### Data records

■ ■ ■ ■ ■ ■ ■

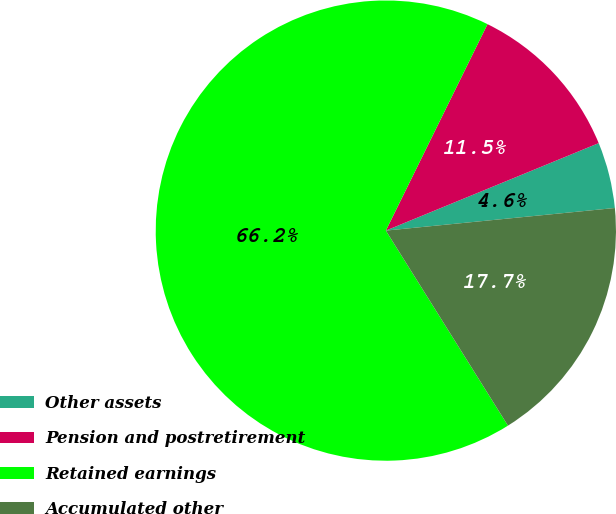Convert chart to OTSL. <chart><loc_0><loc_0><loc_500><loc_500><pie_chart><fcel>Other assets<fcel>Pension and postretirement<fcel>Retained earnings<fcel>Accumulated other<nl><fcel>4.64%<fcel>11.51%<fcel>66.18%<fcel>17.66%<nl></chart> 
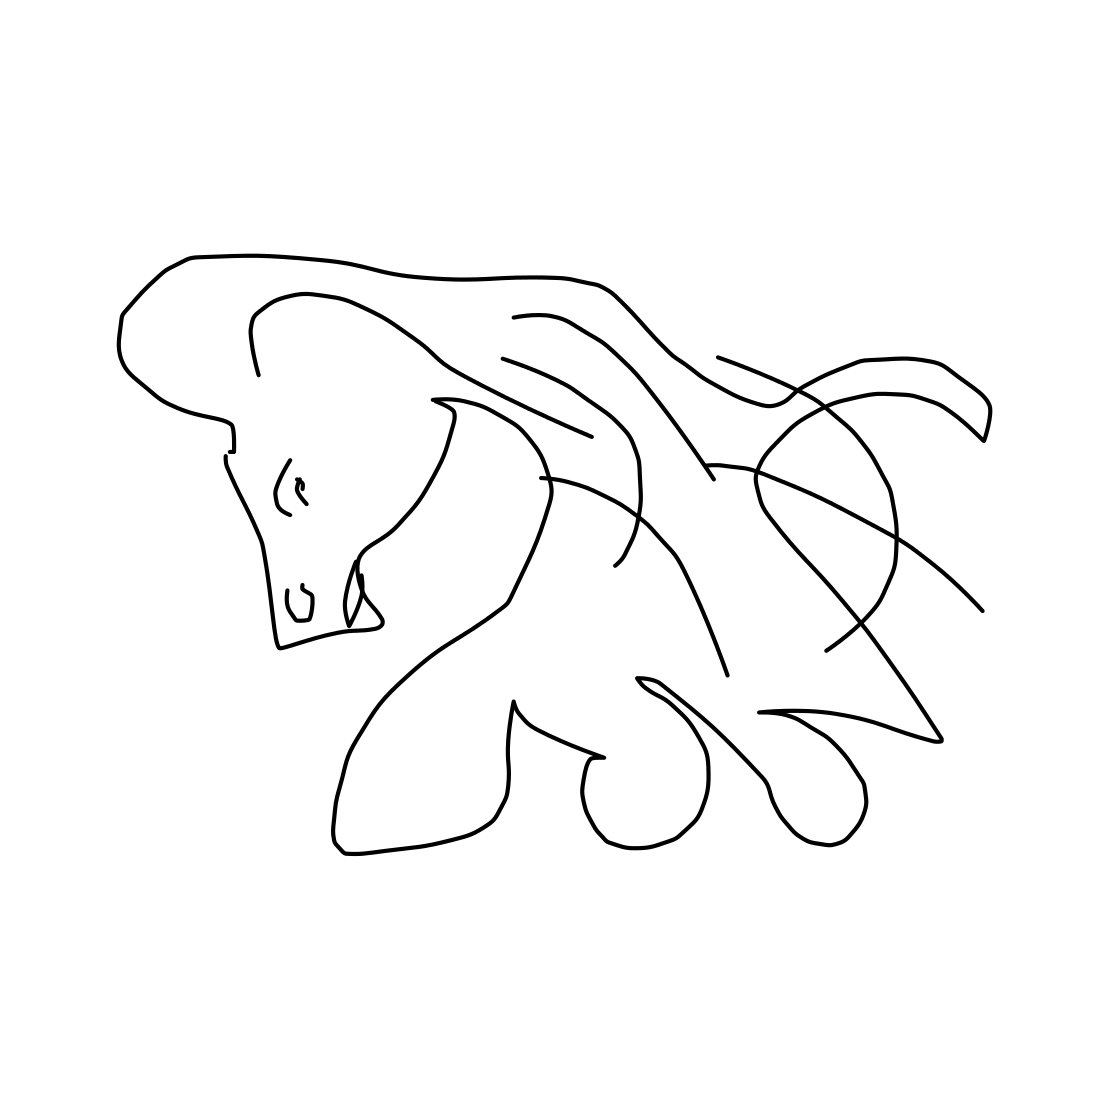In the scene, is a horse in it? Yes 
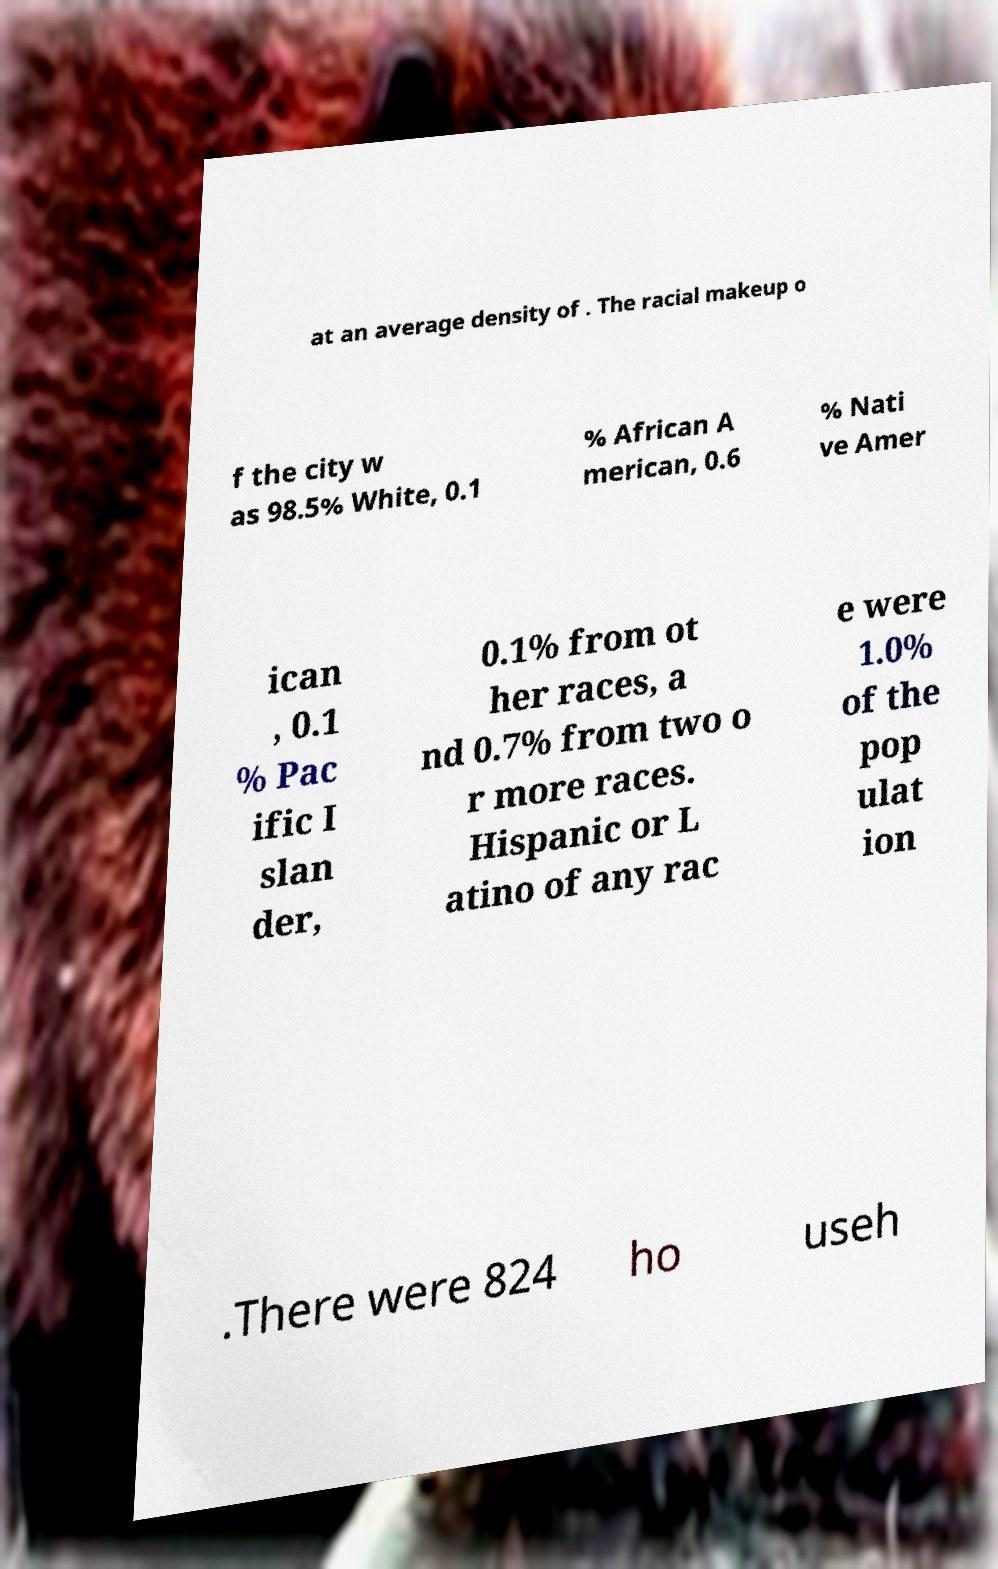There's text embedded in this image that I need extracted. Can you transcribe it verbatim? at an average density of . The racial makeup o f the city w as 98.5% White, 0.1 % African A merican, 0.6 % Nati ve Amer ican , 0.1 % Pac ific I slan der, 0.1% from ot her races, a nd 0.7% from two o r more races. Hispanic or L atino of any rac e were 1.0% of the pop ulat ion .There were 824 ho useh 
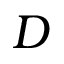Convert formula to latex. <formula><loc_0><loc_0><loc_500><loc_500>D</formula> 
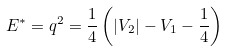<formula> <loc_0><loc_0><loc_500><loc_500>E ^ { * } = q ^ { 2 } = \frac { 1 } { 4 } \left ( | V _ { 2 } | - V _ { 1 } - \frac { 1 } { 4 } \right )</formula> 
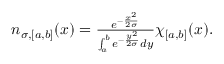<formula> <loc_0><loc_0><loc_500><loc_500>\begin{array} { r } { n _ { \sigma , [ a , b ] } ( x ) = \frac { e ^ { - \frac { x ^ { 2 } } { 2 \sigma } } } { \int _ { a } ^ { b } e ^ { - \frac { y ^ { 2 } } { 2 \sigma } } d y } \chi _ { [ a , b ] } ( x ) . } \end{array}</formula> 
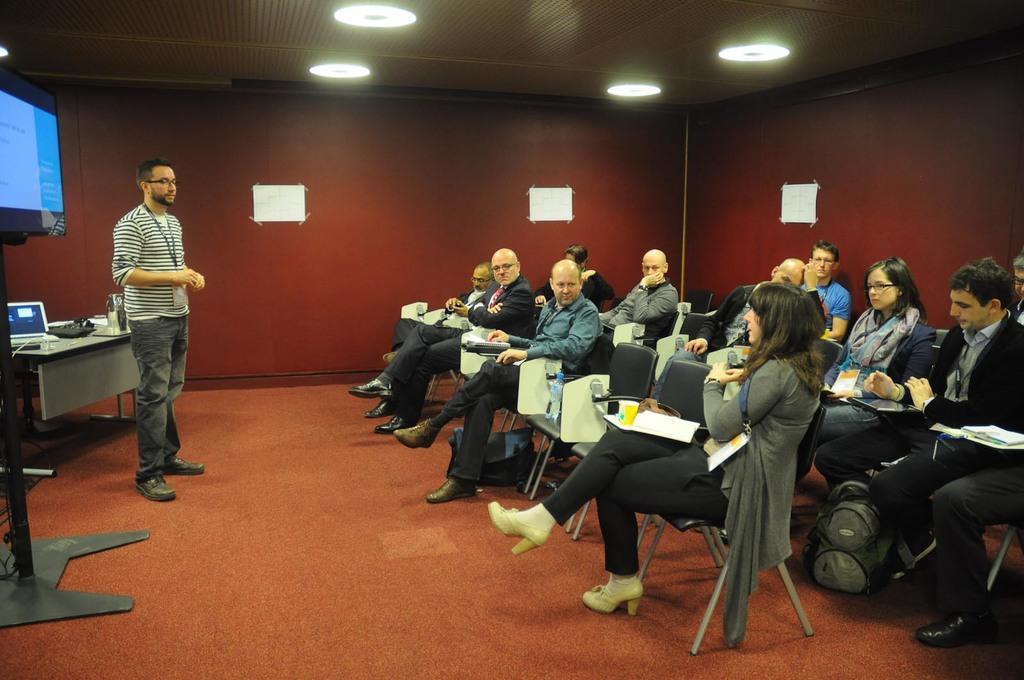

■ ■ ■ ■ ■ ■ ■

### Task brief
Would you restate, word for word and with no pictures, only the lines from the opening of the material through the line with "In the scene, is a horse in it? Yes", both included?

### Exercise response
Convert chart to OTSL. <chart><loc_0><loc_0><loc_500><loc_500><pie_chart><fcel>Other assets<fcel>Pension and postretirement<fcel>Retained earnings<fcel>Accumulated other<nl><fcel>4.64%<fcel>11.51%<fcel>66.18%<fcel>17.66%<nl></chart> 
In the scene, is a horse in it? Yes 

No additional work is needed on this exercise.